| What is being asked |
Below are lines of data; restate word for word those running from the line containing "#3 dustpan and" to the line containing "#11 sneaker from (705, 0) to (719, 68)", inclusive, and no others.

| Records for processing |

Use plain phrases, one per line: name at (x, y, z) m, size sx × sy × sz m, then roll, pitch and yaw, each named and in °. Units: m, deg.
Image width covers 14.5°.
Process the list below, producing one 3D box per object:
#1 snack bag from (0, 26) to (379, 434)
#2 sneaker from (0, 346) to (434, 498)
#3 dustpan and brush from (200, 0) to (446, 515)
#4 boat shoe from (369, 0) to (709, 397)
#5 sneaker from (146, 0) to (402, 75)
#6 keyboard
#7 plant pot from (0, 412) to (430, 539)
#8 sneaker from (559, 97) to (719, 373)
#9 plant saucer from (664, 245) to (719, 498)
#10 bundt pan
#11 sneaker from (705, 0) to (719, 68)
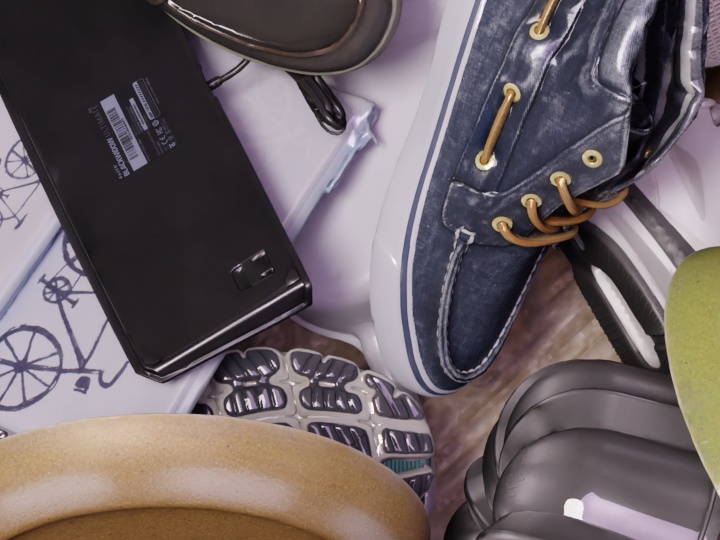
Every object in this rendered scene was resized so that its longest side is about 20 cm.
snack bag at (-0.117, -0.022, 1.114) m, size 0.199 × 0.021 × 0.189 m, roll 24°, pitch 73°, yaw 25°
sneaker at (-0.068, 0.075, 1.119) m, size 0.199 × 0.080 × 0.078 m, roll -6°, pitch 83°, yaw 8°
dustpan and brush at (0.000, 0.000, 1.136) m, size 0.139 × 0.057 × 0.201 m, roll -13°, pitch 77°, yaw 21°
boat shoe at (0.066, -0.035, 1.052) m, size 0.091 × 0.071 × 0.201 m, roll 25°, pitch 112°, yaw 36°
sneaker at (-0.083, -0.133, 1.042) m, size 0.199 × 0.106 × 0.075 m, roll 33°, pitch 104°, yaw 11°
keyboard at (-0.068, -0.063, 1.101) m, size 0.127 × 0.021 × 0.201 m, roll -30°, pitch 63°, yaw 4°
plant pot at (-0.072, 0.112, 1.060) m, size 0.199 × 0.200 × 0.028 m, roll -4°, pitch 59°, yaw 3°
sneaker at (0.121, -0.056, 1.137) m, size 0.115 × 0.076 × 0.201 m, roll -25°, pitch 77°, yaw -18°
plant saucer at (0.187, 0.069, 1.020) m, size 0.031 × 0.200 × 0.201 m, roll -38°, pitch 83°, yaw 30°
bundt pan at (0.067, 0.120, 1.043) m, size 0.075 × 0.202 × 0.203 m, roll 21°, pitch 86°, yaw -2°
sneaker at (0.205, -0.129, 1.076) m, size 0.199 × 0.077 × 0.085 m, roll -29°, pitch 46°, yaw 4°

| Problem solution |
#3 dustpan and brush from (200, 0) to (446, 515)
#4 boat shoe from (369, 0) to (709, 397)
#5 sneaker from (146, 0) to (402, 75)
#6 keyboard
#7 plant pot from (0, 412) to (430, 539)
#8 sneaker from (559, 97) to (719, 373)
#9 plant saucer from (664, 245) to (719, 498)
#10 bundt pan
#11 sneaker from (705, 0) to (719, 68)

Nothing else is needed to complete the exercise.